Aer Lingus will begin service the same month to Newark, part of a Northeast marketing strategy.

“Newark and Hartford are a key piece,” Foley said. “We wanted to be in this footprint of New England, where we’d have Hartford, Boston and New York, Newark, Washington. It gives us a huge ability to brand our product here, to spend money here without having to go across the country.”

The airline also is adding service this year to Los Angeles. It already flies to San Francisco.

KLM/Northwest abandoned service from Bradley to Amsterdam in 2009, during the recession. Foley said the market has improved since, but establishing Aer Lingus at Bradley will take work, even with the significant assistance from the authority and state.

“It’s going to take hard work. Anything that’s a no-brainer, somebody would have been here already,” Foley said. “So there is enough work for us to do to make sure it works, but Aer Lingus has been around a long time, and we tend to scrap above our weight.”

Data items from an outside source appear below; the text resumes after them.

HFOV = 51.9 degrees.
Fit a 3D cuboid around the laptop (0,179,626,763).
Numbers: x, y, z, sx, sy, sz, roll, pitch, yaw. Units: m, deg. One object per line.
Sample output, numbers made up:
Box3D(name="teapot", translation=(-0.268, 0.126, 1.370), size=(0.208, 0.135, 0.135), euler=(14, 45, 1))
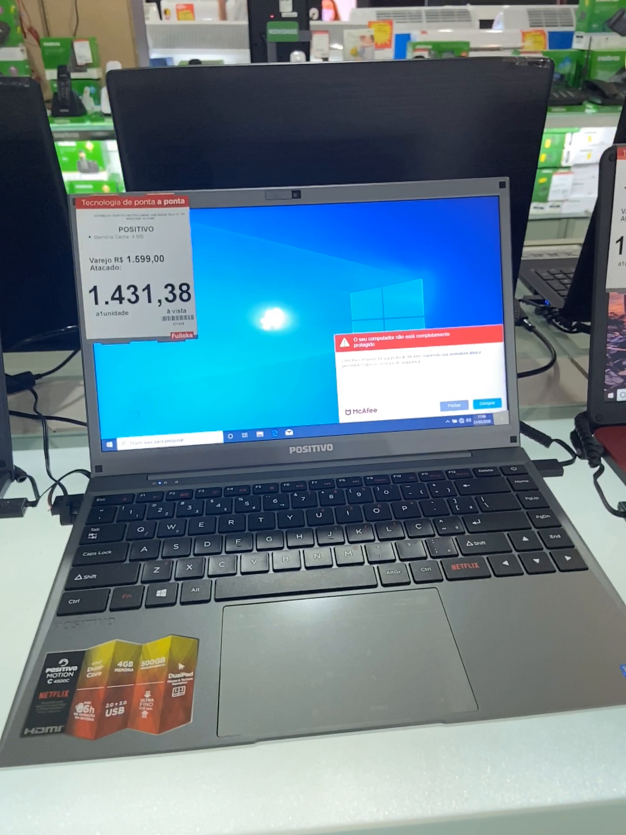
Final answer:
Box3D(name="laptop", translation=(0.001, -0.013, 0.398), size=(0.330, 0.183, 0.321), euler=(-3, 32, -4))
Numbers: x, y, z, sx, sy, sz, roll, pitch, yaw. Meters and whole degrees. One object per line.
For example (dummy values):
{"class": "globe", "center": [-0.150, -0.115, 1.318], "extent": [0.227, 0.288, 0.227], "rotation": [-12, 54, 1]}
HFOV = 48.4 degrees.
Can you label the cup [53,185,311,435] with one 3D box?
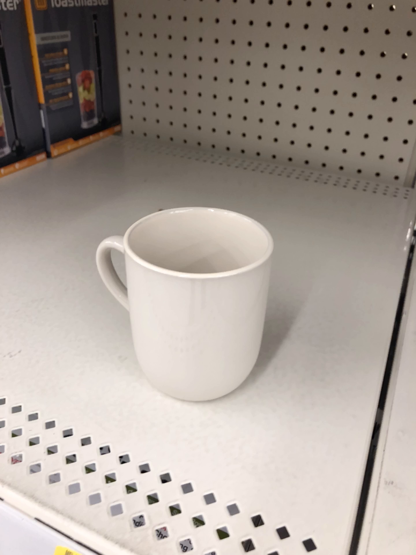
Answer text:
{"class": "cup", "center": [-0.016, 0.011, 0.290], "extent": [0.121, 0.090, 0.087], "rotation": [20, 34, 27]}
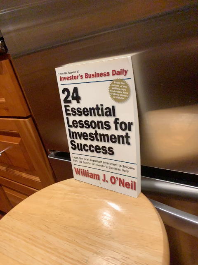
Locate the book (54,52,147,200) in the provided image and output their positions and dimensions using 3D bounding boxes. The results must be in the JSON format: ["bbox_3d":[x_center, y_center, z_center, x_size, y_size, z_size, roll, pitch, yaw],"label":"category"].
[{"bbox_3d":[0.002,-0.009,0.365,0.150,0.229,0.030,5,20,39],"label":"book"}]
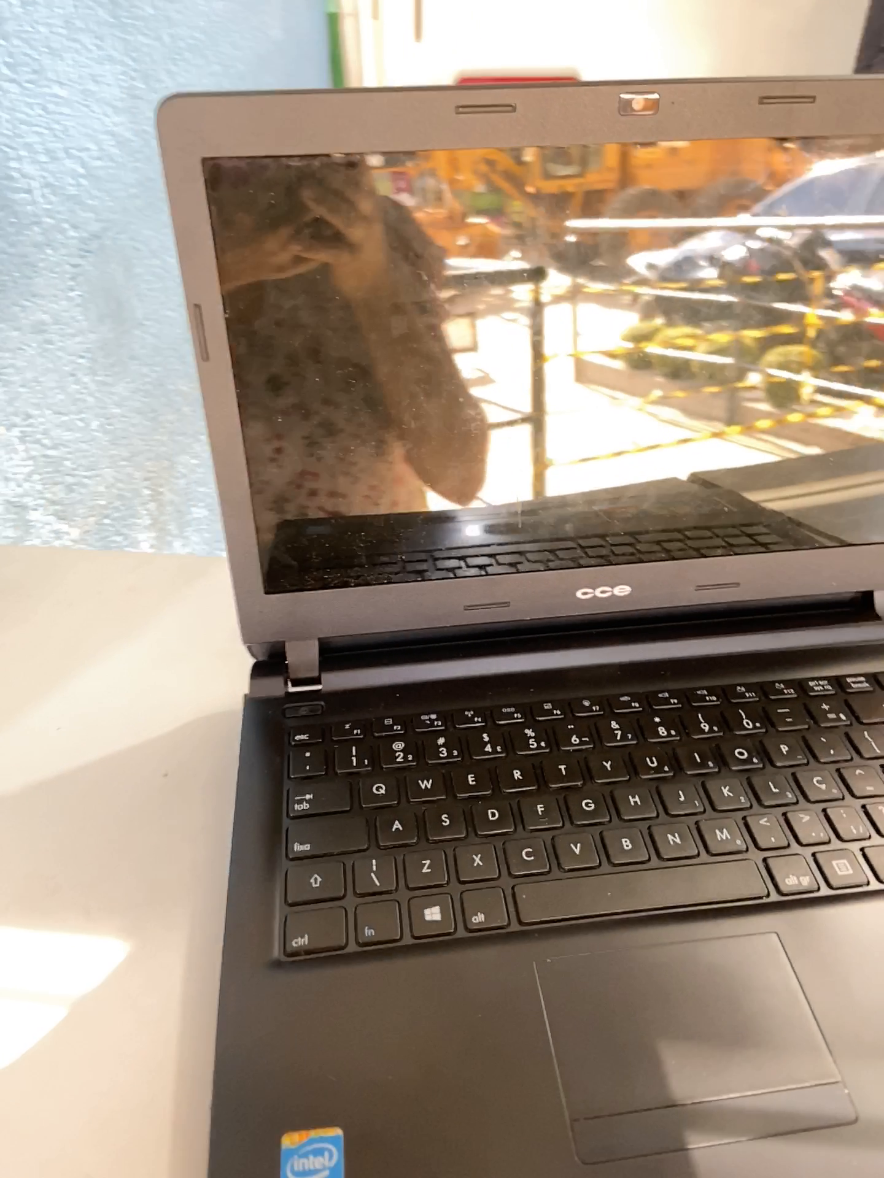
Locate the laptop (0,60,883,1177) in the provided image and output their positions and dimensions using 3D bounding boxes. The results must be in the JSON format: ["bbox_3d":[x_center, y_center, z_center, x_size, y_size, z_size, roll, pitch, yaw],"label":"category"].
[{"bbox_3d":[0.087,-0.010,0.282,0.323,0.216,0.268,-5,37,-4],"label":"laptop"}]
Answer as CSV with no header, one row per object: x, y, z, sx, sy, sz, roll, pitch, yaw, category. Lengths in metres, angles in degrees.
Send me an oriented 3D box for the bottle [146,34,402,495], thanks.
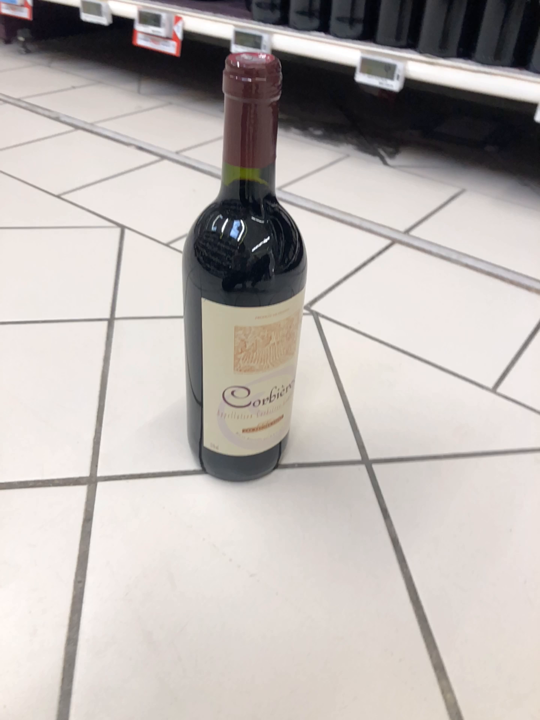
-0.007,-0.048,0.361,0.090,0.248,0.090,2,37,-2,bottle

Joe Brennan, the president of the Connecticut Business and Industry Association, said his group was asked a year ago to judge potential demand among its members for Aer Lingus service to Dublin. The response was encouraging, especially among manufacturers with European ownership or customers.

“Dublin is a good hub, and it’s easy to get elsewhere from there. So we’re hopeful it’s a success,” said Brennan, who attended the announcement. “I think anything that puts a bright light on Connecticut, particularly now, having some good news, is a really important thing. It’s good to be able to talk about some positives.”